Learn · Calibration
Bands you can size off.
Every /cohort response includes a calibrated_return_pct band alongside the raw retrieval quantiles. The calibration is split-conformal and is validated on held-out anchors, not claimed. The short version is below. The full methodology — including the nonconformity formula — lives at /learn/methodology.
The finding
Nearest-neighbor quantiles systematically under-cover. Neighbors are selected for shape similarity, not randomness, which compresses the empirical variance.

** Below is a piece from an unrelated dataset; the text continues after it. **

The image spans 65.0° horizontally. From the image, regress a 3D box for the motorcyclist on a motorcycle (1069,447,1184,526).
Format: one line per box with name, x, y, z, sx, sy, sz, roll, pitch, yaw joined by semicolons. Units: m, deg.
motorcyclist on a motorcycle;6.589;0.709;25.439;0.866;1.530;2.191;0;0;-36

On our own data:
| Band | Nominal | Raw empirical | Calibrated empirical |
|---|---|---|---|
| [p10, p90], 5d | 80% | ~68% | ~82% |
| [p10, p90], 10d | 80% | ~68% | ~80% |
| [p25, p75], 5d | 50% | ~40% | ~49% |
The calibrated bands are what /cohort returns in calibrated_return_pct. The raw bands stay available in return_pct because their medians are unbiased and useful for ranking cohorts against each other.

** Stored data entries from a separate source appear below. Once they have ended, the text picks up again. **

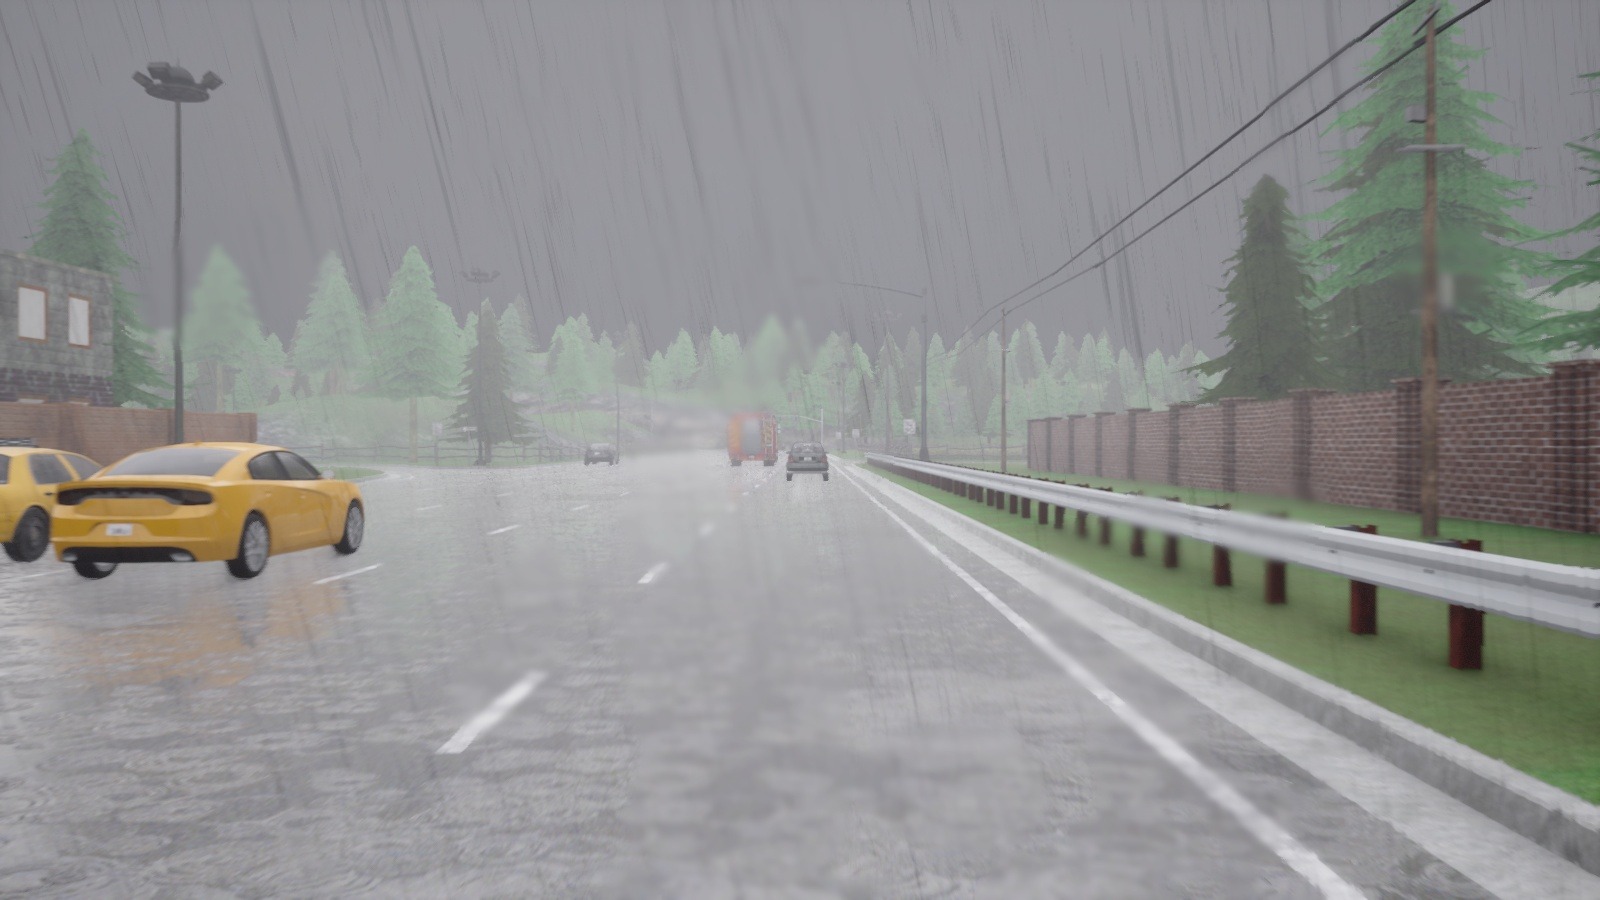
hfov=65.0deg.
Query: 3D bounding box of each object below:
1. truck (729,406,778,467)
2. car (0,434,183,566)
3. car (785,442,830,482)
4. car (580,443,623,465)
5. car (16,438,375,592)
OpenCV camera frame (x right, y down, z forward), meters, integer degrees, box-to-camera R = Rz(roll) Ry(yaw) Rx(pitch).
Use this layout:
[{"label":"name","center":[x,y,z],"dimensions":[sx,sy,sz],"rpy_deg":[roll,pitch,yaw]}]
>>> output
[{"label":"truck","center":[-3.008,-0.888,83.872],"dimensions":[2.891,3.827,8.468],"rpy_deg":[0,0,0]},{"label":"car","center":[-10.390,0.585,16.596],"dimensions":[1.801,1.575,5.366],"rpy_deg":[0,0,0]},{"label":"car","center":[0.304,0.442,50.835],"dimensions":[1.789,1.549,3.705],"rpy_deg":[0,0,0]},{"label":"car","center":[-13.498,0.257,85.790],"dimensions":[2.163,1.488,4.792],"rpy_deg":[0,0,0]},{"label":"car","center":[-6.899,0.635,15.074],"dimensions":[1.882,1.535,5.008],"rpy_deg":[0,0,0]}]

How an agent should consume this
- For sizing, stops, or any uncertainty claim: use
calibrated_return_pct. That’s the band whose nominal coverage we verified empirically. - For ranking cohorts: use raw
return_pct. Medians are unbiased and comparable across horizons; shrunk variance doesn’t corrupt relative ordering. - For derated confidence: the response’s
calibration.coverage_80_validatedfield is the actual empirical hit-rate on our held-out set. Use it directly if you need stricter coverage than nominal.
Honest limits
- — Conformal calibration assumes exchangeability. Extreme regime shifts can temporarily break coverage; we refit periodically.
- — Cohorts with n < 30 are too small for the band to be tight. Treat those as exploration, not signal.
- — Our calibration set doesn’t cover every tail event — VIX > 60 is under-represented. The band is honest within the training regime.